Ebola is a viral disease that causes severe bleeding. About 50 percent of people with the disease die from it, usually within a few days. The disease was first discovered in 1976, and its first outbreaks occurred in remote villages in central Africa, near tropical rainforests. The disease is highly contagious, even after death. It passes from person to person through the patient's secretions, therefore many of those infected are the patient's family members, who take care of him, as well as members of the medical staff. Ebola is not the only disease found to be associated with deforestation, and other diseases include Malaria and dengue fever.

Agriculture instead of trees

The Ebola epidemic joins a growing list of damage caused by deforestation in the world. "Deforestation causes enormous damage," says Prof. Uri Shains from the Department of Biology and Environment at the University of Haifa-Oranim. Deforestation causes the loss of many species, which disappear when their habitat disappears: approx. 80 percent of terrestrial species on Earth live in forests. The absence of trees to hold the ground often causessoil erosion. In addition, the drift also damages the water sources and may pollute them. "Deforestation causes floods, on a large scale it also causes a change in rainfall regimes, and of course it may cause a decrease in carbon sequestration", says Shanes. That is, the disappearance of the trees, which use carbon dioxide for their growth and survival, reduces the ability of the forests to absorb carbon dioxide from the atmosphere, thus indirectly causing an increase in the concentration of this greenhouse gas in the air and worsening the phenomenon of global warming.

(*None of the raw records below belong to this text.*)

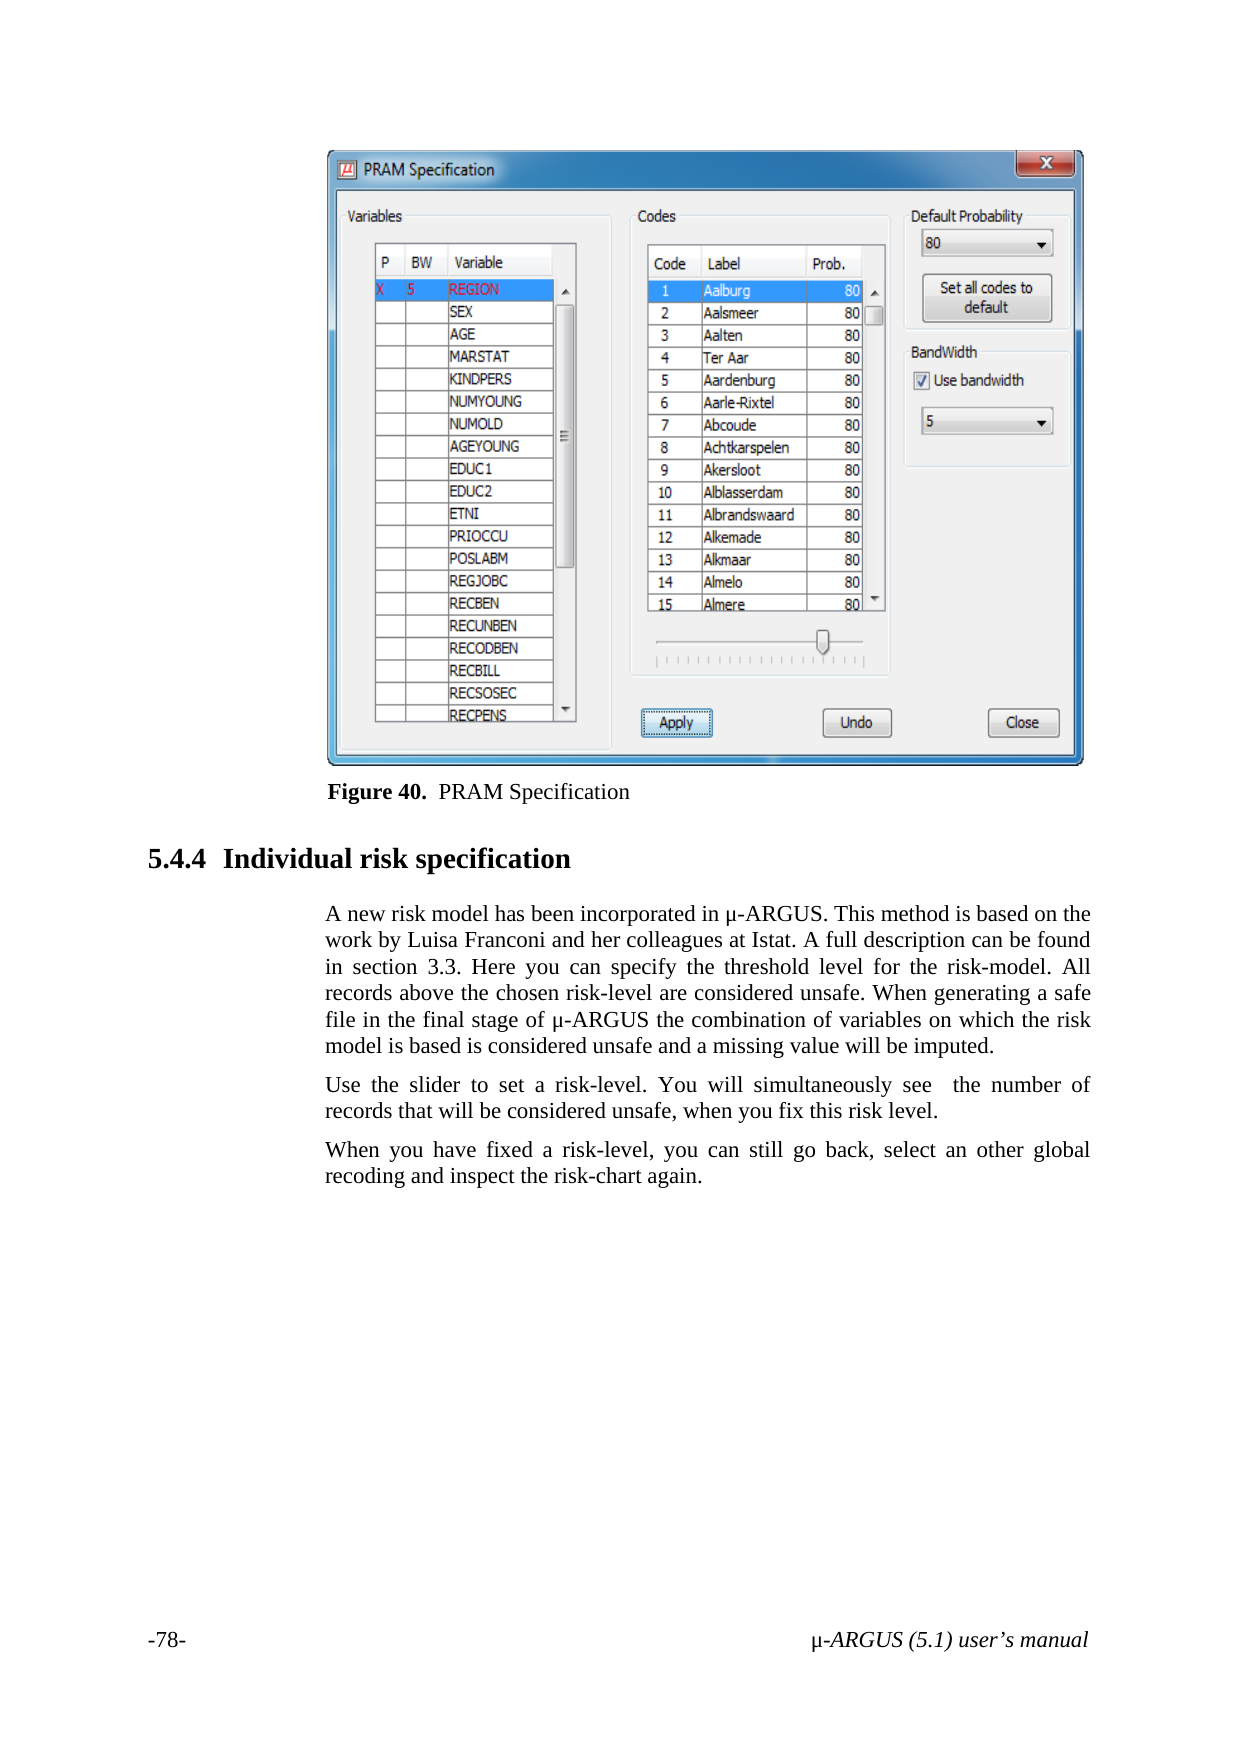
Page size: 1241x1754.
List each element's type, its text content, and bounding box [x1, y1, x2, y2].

text Figure 40. PRAM Specification [325, 778, 1092, 804]
subtitle Individual risk specification [148, 842, 1092, 875]
text When you have fixed a risk-level, you can still go back, select an other global recoding and inspect the risk-chart again. [325, 1136, 1092, 1189]
text Use the slider to set a risk-level. You will simultaneously see the number of records that will be considered unsafe, when you fix this risk level. [325, 1071, 1092, 1123]
text A new risk model has been incorporated in μ-ARGUS. This method is based on the work by Luisa Franconi and her colleagues at Istat. A full description can be found in section 3.3. Here you can specify the threshold level for the risk-model. All records above the chosen risk-level are considered unsafe. When generating a safe file in the final stage of μ-ARGUS the combination of variables on which the risk model is based is considered unsafe and a missing value will be imputed. [325, 900, 1092, 1058]
picture [327, 150, 1084, 766]

The main reason for deforestation is the need for land for agriculture. Many forest areas are cleared in West Africa, in order to grow palm trees on their lands for the production of oil and cocoa trees. Therefore, when talking about stopping deforestation, it is impossible to ignore the populations that depend on agriculture for their survival. "The main thing is to find types of agriculture for which there is no need to create forests, to make agriculture more efficient and to be more efficient on the same lands that already exist," concludes Shanes. "It should be clear today that the world must find any way to stop deforestation, because we are deteriorating to places we cannot get out of."